А в жилах наших и теперь
Лесной царевны кровь течет.
1944
Деревня Блудново, Вологодской области
МОСКВА – ВОЛОГДА
С каждым часом ощутимей север,
Остановки реже,
Гуще лес,
Пахнет смолкой вперемежку с сеном,
И все больше узнается мест.
Торопясь, схожу на полустанке
Словно на приветный огонек,
Чтобы взять за рубль у северянки
Влажной клюквы маленький кулек.
Для меня все ягоды здесь сладки.
И приятно и смешно, что их
Продают в листочках из тетрадки
Иль в обрывках «Жития святых».
Замелькали топкие болота
С голубыми окнами озер,
Наконец – подъем за поворотом,
И пошел густой сосновый бор,
Строевой,
В косых лучах по пояс,
Золотом пронизанный насквозь...
Словно к морю вдруг пробился поезд,
Даже небо выше поднялось.
Дома я!
На все гляжу с любовью,
Радостно от птичьих голосов.
Никакие парки Подмосковья
Не заменят мне моих лесов.
Радуюсь обновам животворным –
Домнам,
Трубам, влитым в синеву,
Плеску волн на море рукотворном,
Лесосекам с грохотом моторным...
И одним все –
Нежным и просторным,
Добрым словом Вологда зову.
Дома я!
И сердце бьется с силой.
Мимо, мимо – за верстой верста...
Что кому,
А для меня Россия –
Эти вот родимые места.
1958
КОГДА МЫ УЕДЕМ?
Мы не знали, куда едем, какой-такой необитаемый Сладкий остров вдруг обнаружился в Белозерье и как мы там будем жить. Думалось – едем дней на десять, не больше. Отдохнем, половим рыбку – и обратно. Почему-то представлялось, что этот остров находится вблизи Кирилло-Белозерского монастыря, куда в свое время не раз наезживал Иван Грозный, где была заточена одна из его жен и отбывал ссылку архиепископ Никон; либо этот остров около другого архитектурного памятника русской старины – Ферапонтовского монастыря, в котором еще и поныне живы фрески гениального Дионисия.
Казалось даже, что Сладкий остров находится на самом Белом озере. Но на Белом озере никогда не было и сейчас нет никаких островов.

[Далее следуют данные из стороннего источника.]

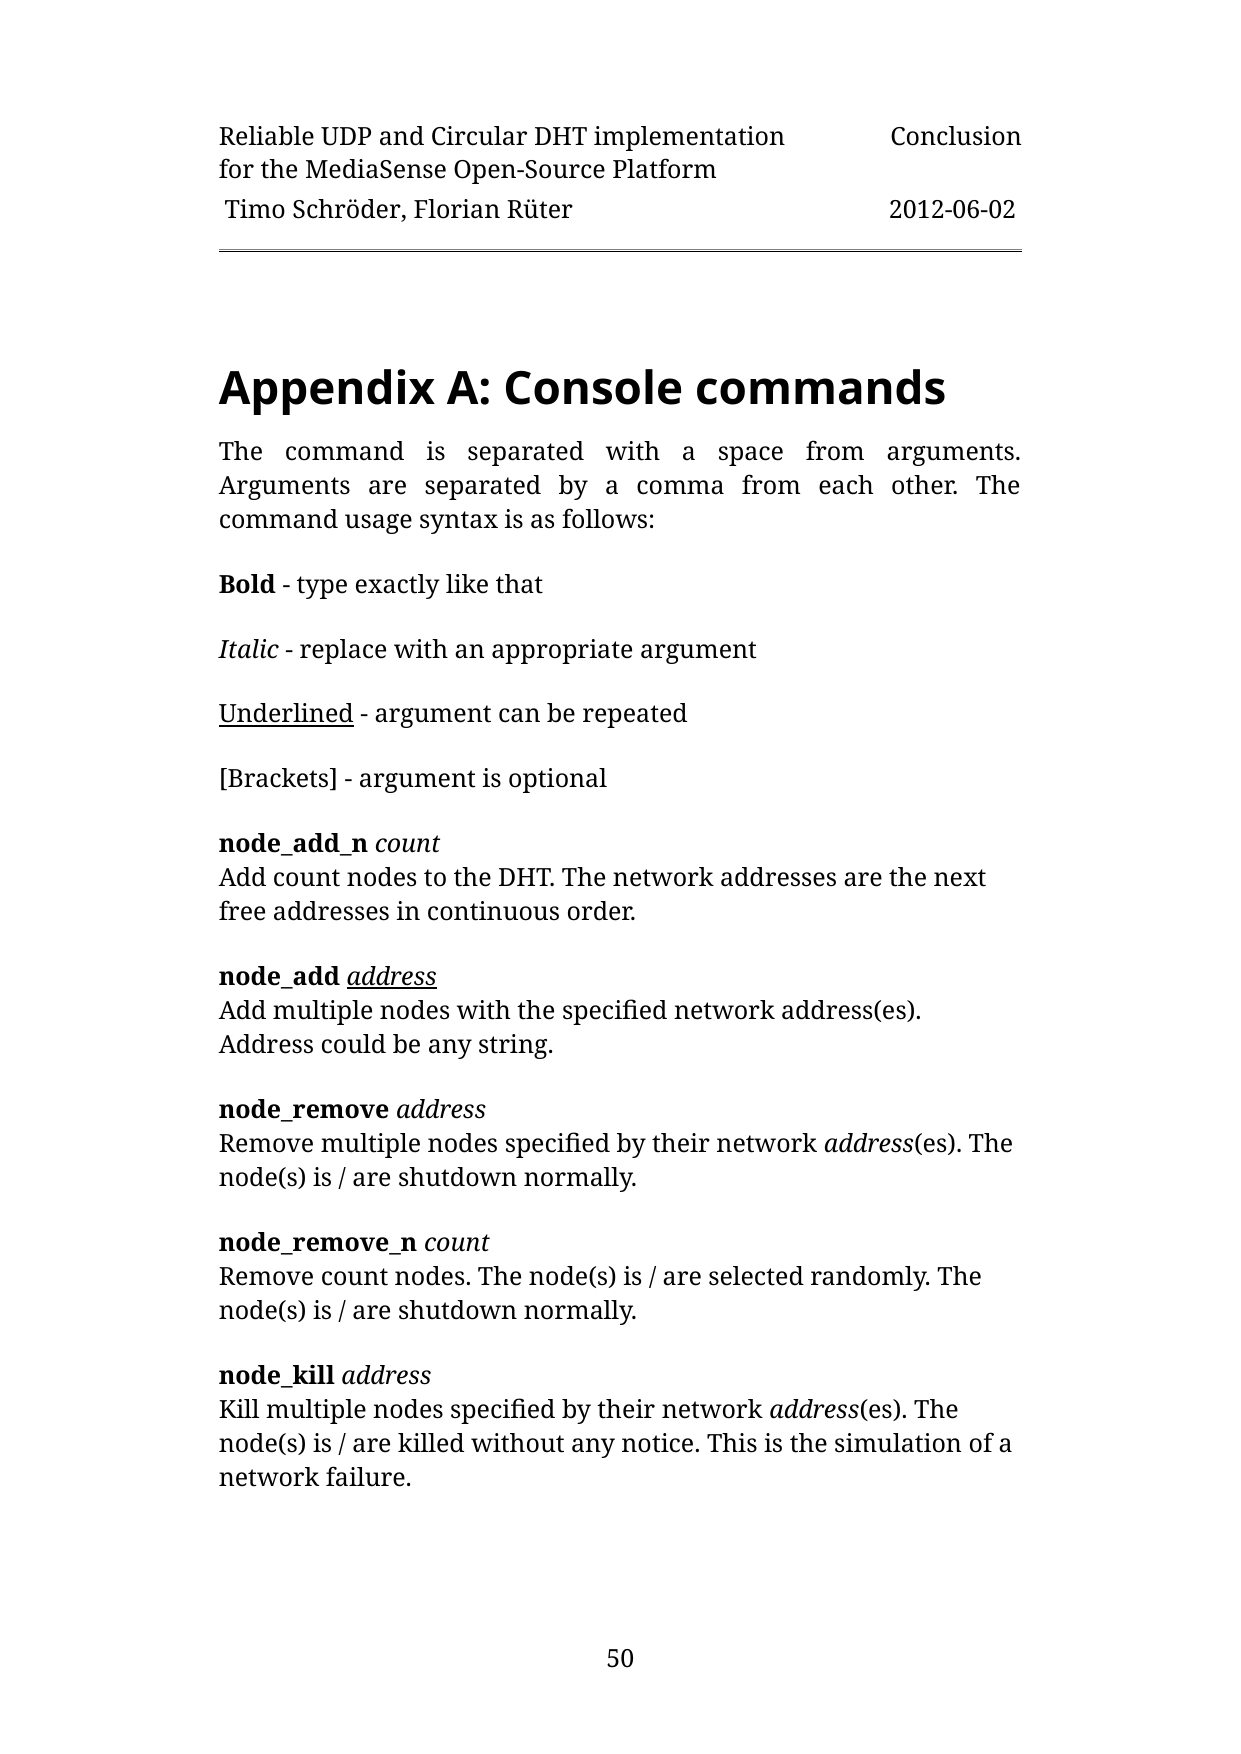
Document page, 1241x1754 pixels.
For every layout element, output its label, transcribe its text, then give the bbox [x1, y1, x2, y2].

text node_kill address Kill multiple nodes specified by their network address(es). The node(s) is / are killed without any notice. This is the simulation of a network failure. [218, 1357, 1022, 1493]
text Italic - replace with an appropriate argument [218, 631, 1022, 665]
text [Brackets] - argument is optional [218, 761, 1022, 795]
text Bold - type exactly like that [218, 566, 1022, 601]
text node_remove address Remove multiple nodes specified by their network address(es). The node(s) is / are shutdown normally. [218, 1091, 1022, 1194]
text node_add address Add multiple nodes with the specified network address(es). Address could be any string. [218, 958, 1022, 1061]
text node_remove_n count Remove count nodes. The node(s) is / are selected randomly. The node(s) is / are shutdown normally. [218, 1224, 1022, 1327]
text Underlined - argument can be repeated [218, 696, 1022, 730]
text The command is separated with a space from arguments. Arguments are separated by a comma from each other. The command usage syntax is as follows: [218, 433, 1022, 536]
subtitle Appendix A: Console commands [218, 356, 1022, 418]
text node_add_n count Add count nodes to the DHT. The network addresses are the next free addresses in continuous order. [218, 826, 1022, 928]
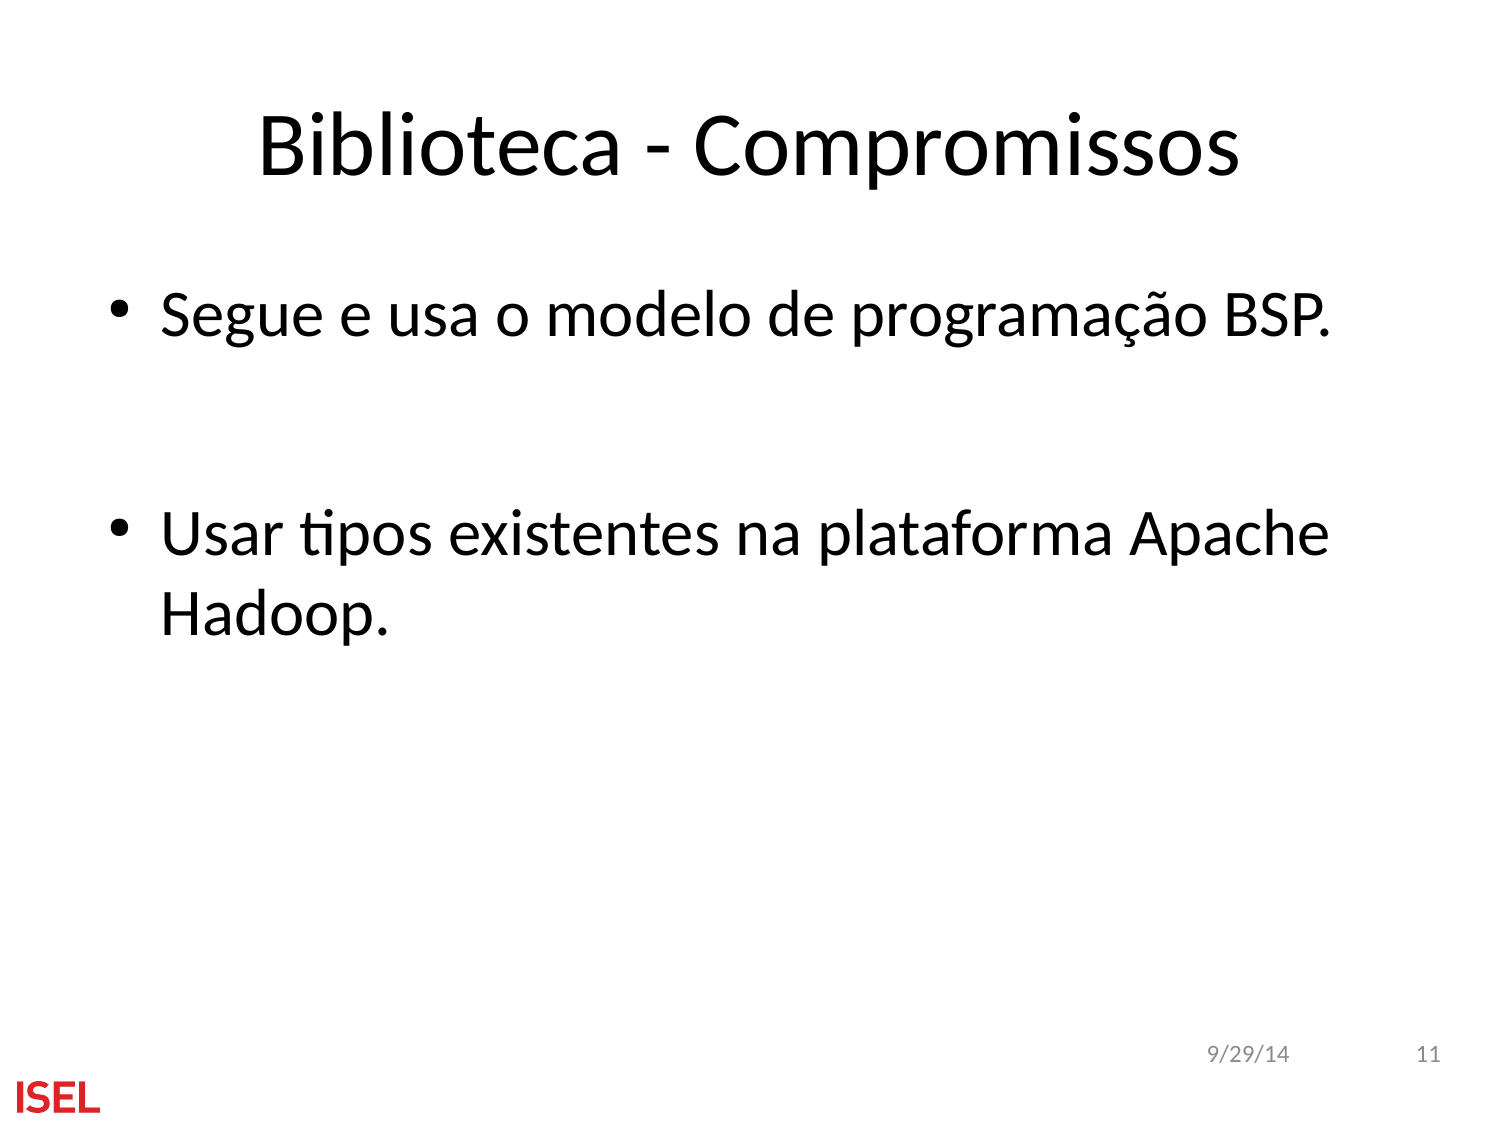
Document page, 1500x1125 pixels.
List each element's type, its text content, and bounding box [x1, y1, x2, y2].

slide_number [1347, 1033, 1457, 1071]
title Biblioteca - Compromissos [75, 45, 1425, 233]
picture [17, 1081, 100, 1113]
slide_number 9/29/14 [1191, 1033, 1340, 1071]
list Segue e usa o modelo de programação BSP. Usar tipos existentes na plataforma Apache Hadoop. [75, 262, 1425, 1005]

Сладкий остров мы нашли в не менее примечательных местах – на Новозере. И не там, и таким, каким представляли его по рассказам. Обычная история: сколько ни читаешь, сколько ни слушаешь о чем-нибудь, а когда сам увидишь и испытаешь – оказывается, все не так. Северные сияния видали на картинках, все видали, и читали о них много, все читали. А, уверяю вас, они совсем не такие, какими вы их себе представляете. Никакая литература, никакие очевидцы, даже отец родной, не могли мне дать правильного представления о войне, пока я на ней сам не побывал. Зато, побывав и в огне, и в ледяной воде, я совершенно по-новому стал читать Льва Толстого. Он лучше всех передает состояние человека на войне.
Итак, мы переправляемся на лодках из деревни Анашкино на Сладкий остров, сначала в большой компании. Почему остров этот называется Сладким? Всегда ли, для всех ли он был сладким?
Местные люди рассказывают, что вблизи острова Сладкого, на острове Красном, процветал в свое время Новозерский монастырь. О красоте его можно судить по сохранившимся до наших дней крепостным стенам, которые вырастают прямо из воды, и по остаткам церквей и прочих монастырских заведений. На каком бы берегу Новозера люди ни находились, на низком болотистом, где собирают клюкву и морошку, на лесистом ли высоком, где грибы и малинники и всякая боровая дичь, – отовсюду, конечно, видны были золотые луковки куполов и далеко по озерной глади разносился медный гул и звон с высокой колокольни – «малиновый звон». Красного острова, по существу, не было и нет – ни клочка голой, не огороженной камнем земли. Просто посреди озера вознесся к небу сказочный град-крепость, будто один расписной волшебный терем, подобие которому можно найти лишь на самых замысловатых лубках и древних иконах. Он был весь «как в сказке» и в то же время был на самом деле, существовал, красовался.